A primary concern, Fleming said, was the potential for displacement. Since 2015, the median home price in the majority-Black McKinley neighborhood, which encompasses the UHT site, has undergone an 88.5 percent increase, among the largest of any neighborhood in the city. At the beginning of 2017—the same year United Properties was granted exclusive rights to develop the UHT—the real estate website Zillow listed McKinley and the adjacent Folwell neighborhood as its top two “hot housing markets” in the Twin Cities.

Meanwhile, a few miles south, the North Loop, a former industrial zone in Ward 3 that was once better known as the Warehouse District, has been thoroughly gentrified—thanks in part to Jacob Frey, who represented the ward on city council before he was mayor.

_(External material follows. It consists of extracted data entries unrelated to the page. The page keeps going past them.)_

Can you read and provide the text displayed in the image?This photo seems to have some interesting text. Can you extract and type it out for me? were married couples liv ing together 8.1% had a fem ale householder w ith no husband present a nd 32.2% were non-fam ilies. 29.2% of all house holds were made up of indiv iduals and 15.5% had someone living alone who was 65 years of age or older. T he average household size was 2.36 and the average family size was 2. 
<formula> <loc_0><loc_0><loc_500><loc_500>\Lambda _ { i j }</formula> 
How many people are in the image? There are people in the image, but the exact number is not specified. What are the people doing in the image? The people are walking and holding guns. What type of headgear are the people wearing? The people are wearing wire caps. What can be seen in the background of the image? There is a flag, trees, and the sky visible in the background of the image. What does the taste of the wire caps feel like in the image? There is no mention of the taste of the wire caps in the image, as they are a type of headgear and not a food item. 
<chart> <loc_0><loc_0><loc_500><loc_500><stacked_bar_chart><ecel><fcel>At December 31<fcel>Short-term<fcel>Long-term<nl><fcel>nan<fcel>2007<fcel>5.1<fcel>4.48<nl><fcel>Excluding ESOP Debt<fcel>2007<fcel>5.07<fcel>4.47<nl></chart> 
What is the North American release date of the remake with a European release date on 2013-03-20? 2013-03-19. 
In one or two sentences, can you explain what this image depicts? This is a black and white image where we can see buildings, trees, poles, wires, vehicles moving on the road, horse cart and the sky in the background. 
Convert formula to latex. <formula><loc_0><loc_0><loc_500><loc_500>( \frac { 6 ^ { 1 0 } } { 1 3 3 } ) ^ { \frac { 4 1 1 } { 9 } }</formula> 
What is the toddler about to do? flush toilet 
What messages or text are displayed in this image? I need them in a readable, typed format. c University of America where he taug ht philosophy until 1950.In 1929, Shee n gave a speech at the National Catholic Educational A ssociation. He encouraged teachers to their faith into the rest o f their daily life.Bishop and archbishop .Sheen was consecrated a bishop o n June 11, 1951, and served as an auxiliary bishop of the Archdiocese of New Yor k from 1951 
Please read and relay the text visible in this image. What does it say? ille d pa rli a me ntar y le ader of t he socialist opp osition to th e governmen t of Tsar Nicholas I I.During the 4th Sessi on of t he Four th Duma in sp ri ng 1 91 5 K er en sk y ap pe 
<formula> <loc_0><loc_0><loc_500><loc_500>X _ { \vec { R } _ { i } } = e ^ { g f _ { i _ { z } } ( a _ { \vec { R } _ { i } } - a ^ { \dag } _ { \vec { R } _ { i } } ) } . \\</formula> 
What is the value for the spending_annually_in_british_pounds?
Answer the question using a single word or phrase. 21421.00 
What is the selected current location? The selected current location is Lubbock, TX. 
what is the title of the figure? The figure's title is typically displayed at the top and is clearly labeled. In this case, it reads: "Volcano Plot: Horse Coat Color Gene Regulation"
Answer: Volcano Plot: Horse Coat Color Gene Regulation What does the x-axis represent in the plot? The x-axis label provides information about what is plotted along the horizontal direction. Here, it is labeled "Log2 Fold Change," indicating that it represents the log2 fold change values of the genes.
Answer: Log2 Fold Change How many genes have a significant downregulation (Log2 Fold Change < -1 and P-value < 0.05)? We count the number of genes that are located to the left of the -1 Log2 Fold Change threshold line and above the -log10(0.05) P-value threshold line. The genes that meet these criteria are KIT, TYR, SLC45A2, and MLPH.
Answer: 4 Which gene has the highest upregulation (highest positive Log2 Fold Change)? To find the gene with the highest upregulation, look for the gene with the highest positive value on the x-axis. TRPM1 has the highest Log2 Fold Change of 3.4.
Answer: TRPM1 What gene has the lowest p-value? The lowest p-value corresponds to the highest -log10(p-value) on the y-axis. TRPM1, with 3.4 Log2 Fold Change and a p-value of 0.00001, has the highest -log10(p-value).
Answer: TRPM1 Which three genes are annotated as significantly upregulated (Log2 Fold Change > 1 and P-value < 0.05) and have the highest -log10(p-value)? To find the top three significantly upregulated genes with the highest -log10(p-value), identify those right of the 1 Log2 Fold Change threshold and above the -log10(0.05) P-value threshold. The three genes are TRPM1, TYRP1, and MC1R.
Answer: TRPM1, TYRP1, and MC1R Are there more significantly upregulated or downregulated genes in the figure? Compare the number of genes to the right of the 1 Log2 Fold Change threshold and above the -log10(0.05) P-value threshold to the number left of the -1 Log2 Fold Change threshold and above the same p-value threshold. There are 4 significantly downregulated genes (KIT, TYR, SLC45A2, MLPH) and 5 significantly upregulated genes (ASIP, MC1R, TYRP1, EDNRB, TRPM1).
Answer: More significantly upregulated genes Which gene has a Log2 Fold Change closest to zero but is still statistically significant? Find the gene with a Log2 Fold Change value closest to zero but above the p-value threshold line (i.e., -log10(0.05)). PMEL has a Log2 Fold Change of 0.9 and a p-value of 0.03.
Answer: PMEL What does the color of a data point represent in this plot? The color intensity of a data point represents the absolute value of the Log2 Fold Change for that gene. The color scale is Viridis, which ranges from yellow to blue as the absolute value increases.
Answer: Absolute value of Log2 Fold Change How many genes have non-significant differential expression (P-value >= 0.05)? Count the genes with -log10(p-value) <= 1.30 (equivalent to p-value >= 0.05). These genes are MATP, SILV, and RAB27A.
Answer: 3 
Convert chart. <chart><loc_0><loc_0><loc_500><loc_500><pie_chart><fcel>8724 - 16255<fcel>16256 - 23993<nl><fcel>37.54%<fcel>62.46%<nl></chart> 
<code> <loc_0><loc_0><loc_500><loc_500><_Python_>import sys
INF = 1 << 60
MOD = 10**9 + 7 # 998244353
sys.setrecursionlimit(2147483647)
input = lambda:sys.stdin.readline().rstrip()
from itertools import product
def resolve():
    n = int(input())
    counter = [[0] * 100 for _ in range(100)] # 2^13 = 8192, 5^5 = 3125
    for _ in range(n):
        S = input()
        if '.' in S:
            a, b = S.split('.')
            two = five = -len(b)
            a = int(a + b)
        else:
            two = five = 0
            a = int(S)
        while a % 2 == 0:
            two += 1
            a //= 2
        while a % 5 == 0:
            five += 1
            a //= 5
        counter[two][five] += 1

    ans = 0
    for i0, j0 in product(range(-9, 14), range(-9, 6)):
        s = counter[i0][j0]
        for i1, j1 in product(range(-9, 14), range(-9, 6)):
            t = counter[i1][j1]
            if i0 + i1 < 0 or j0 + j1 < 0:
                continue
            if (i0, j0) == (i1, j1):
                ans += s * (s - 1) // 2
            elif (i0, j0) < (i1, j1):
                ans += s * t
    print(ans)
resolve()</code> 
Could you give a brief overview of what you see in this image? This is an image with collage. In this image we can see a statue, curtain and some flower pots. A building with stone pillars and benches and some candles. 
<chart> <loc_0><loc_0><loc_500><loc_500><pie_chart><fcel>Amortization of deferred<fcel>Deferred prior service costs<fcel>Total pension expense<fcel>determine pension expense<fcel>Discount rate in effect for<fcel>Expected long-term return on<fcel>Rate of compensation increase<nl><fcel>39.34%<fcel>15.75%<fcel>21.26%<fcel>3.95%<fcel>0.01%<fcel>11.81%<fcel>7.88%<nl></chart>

And that development could conceivably spread toward North Minneapolis, especially if a state-of-the-art concert venue moves in.

When a local reporter, Tom Lyden, asked Frey whether the UHT project would accelerate gentrification, Frey admitted that at least some displacement is inevitable. But “this is not a scenario where we let the northside continue to get the short end of the stick,” he said. “They’re deserving of funding. They’re deserving of something exceptional, of excellence. And yes, we can also help to prevent some of those displacements.”

Fleming helped organize a canvassing effort in the neighborhood, raising awareness of the potential for residents’ displacement. She went door to door talking to people who could see the development site from their yards. The city had organized at least two door knocking sessions in McKinley as part of their community engagement plan, but, Fleming said, “[The people] had no idea what we were talking about. The questions the city asked them were, ‘do you like live music?’ Well, yeah, but they didn’t mention, ‘you may have to leave the neighborhood.’”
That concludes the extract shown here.